Fish 09:43 PM 05-21-2012
This is a repository for all cool scientific discussion and fascination. Scientific facts, theories, and overall cool scientific stuff that you'd like to share with others. Stuff that makes you smile and wonder at the amazing shit going on around us, that most people don't notice.

Post pictures, vidoes, stories, or links. Ask questions. Share science.

This is in support of the Penny 4 NASA project. If you enjoy anything you learned from this thread, consider making a donation and signing the petition.

http://www.penny4nasa.org/

Why should I care?:


[Reply]
Buehler445 08:24 AM 07-27-2013
Originally Posted by Dave Lane:
I'm calling BS on this whole article. The ancients were primitive peoples. They had no knowledge we don't possess today.

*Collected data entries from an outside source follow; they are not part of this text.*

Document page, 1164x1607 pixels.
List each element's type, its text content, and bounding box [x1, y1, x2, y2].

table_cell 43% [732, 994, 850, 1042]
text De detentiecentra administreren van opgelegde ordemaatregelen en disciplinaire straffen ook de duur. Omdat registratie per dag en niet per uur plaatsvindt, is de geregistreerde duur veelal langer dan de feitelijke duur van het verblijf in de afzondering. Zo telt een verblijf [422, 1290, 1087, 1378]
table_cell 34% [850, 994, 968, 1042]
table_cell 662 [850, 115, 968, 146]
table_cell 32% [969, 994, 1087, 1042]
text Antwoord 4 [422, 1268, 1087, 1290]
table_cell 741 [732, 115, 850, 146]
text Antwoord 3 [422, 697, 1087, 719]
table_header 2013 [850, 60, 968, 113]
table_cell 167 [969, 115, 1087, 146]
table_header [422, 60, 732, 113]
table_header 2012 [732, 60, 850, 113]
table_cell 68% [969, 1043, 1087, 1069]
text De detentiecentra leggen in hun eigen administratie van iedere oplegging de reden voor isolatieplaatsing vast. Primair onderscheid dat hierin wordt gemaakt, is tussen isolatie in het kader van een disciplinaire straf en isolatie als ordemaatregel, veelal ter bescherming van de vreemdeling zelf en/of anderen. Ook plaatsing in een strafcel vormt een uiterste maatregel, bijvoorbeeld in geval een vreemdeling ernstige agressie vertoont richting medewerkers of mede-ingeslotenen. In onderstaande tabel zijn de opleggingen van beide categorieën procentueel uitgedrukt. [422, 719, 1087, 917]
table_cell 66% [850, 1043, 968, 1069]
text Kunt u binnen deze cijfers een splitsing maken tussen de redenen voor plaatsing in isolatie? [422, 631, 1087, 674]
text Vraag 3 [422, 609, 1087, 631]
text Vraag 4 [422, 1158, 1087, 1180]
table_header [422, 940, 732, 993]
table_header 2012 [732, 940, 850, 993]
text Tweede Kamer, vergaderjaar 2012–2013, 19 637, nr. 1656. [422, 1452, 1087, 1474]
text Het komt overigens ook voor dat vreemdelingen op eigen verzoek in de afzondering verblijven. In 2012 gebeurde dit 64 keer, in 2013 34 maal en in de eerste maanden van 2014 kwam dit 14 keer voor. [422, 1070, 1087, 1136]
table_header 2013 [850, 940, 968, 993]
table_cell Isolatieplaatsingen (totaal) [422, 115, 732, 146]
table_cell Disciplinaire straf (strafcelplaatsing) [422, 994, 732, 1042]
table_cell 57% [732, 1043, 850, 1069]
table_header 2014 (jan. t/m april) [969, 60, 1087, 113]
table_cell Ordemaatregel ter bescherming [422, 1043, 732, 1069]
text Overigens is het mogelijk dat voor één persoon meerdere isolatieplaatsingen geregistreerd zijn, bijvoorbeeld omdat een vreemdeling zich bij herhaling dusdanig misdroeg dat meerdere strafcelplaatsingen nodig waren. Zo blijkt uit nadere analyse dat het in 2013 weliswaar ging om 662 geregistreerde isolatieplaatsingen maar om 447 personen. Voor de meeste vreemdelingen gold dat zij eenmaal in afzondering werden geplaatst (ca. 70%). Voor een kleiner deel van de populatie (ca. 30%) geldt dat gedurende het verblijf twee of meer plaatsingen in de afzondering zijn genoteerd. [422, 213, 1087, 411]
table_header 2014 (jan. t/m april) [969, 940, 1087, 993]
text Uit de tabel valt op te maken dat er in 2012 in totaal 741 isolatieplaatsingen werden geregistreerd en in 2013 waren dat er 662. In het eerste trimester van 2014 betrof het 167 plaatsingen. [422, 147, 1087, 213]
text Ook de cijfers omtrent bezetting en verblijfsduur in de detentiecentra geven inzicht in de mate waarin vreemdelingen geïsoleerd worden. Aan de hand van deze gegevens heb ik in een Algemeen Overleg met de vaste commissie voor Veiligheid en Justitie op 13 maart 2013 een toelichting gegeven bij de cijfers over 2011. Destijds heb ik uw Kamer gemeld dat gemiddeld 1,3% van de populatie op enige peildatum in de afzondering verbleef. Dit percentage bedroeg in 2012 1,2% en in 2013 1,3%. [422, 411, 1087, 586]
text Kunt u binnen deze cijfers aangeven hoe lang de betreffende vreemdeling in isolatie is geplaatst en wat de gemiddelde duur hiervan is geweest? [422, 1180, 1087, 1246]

They were simpletons as we will be in a couple thousand years to the cultures then.

Any article athat mentions the Bagdad battery as some sign of anything other than possibilites needs to have the article dismissed out of hand.
Not saying I agree with the article, but they haven't figured out how to make Greek Fire or whatever that napalm stuff they shot from boats is or how to make it.

But yeah. On the whole, I doubt the premise of the article.
[Reply]
Dave Lane 08:38 AM 07-27-2013
Originally Posted by Buehler445:
Not saying I agree with the article, but they haven't figured out how to make Greek Fire or whatever that napalm stuff they shot from boats is or how to make it.

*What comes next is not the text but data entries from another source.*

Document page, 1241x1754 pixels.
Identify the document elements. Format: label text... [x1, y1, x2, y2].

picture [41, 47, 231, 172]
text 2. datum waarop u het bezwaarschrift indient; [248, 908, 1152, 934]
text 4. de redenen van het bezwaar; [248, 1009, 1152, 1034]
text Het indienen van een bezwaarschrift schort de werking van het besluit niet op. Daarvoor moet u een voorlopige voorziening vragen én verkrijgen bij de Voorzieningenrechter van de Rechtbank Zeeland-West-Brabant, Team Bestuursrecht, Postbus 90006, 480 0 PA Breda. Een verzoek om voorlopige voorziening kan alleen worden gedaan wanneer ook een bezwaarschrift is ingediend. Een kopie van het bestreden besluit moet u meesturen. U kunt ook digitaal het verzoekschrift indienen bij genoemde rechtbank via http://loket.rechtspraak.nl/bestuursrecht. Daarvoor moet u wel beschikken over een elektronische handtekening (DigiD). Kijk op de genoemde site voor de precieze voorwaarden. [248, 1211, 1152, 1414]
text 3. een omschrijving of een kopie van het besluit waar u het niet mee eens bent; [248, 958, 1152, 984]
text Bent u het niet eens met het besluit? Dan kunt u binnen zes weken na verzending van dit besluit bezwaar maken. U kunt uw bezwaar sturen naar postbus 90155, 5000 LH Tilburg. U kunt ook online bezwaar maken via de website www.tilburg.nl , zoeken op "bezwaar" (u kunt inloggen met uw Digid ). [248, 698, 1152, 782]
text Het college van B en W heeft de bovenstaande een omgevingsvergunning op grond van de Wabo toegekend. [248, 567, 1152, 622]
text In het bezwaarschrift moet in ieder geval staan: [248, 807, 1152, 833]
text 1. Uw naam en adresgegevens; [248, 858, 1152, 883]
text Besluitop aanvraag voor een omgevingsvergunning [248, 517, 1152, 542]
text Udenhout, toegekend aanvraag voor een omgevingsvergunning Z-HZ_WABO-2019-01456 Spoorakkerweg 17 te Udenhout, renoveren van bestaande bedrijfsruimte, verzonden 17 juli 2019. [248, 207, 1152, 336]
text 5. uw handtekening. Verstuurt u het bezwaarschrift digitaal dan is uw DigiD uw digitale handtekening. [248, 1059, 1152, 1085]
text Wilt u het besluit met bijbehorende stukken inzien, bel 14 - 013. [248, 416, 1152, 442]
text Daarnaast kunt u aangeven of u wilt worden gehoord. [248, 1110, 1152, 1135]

But yeah. On the whole, I doubt the premise of the article.
We don't have the Byzantiums formula verbatim but we do know what they used to make it. Sadly we have improved the delivery mechanisms and killing effect in modern times.
[Reply]
BigRedChief 09:17 AM 07-27-2013
Little off topic..........My son is making noises that he wants a PHD in astrophysics. I'm thinking I need a higher paying job. :-)

Any experience in here with schools? Know anyone that went down this path.

I don't think he realizes the work that will be needed to pull this off. But anyhow, he's thinking bachelors in engineering, minor in Physics. Master in AstroPhysics and Astronomy in 4 years and then on to the PHD in Astrophysics.
[Reply]
BigRedChief 09:30 AM 07-27-2013
Scientific discoveries made on ebay, movies and the internet

http://www.cracked.com/article_19517...s-pics-article
[Reply]
notorious 10:09 AM 07-27-2013
Intelligent people binge drink so that they can put up with dumbasses.


I love drinking with other smart people because the conversation can actually challenge me and force me to think out of the box.
[Reply]
Imon Yourside 10:13 AM 07-27-2013
Originally Posted by notorious:
Intelligent people binge drink so that they can put up with dumbasses.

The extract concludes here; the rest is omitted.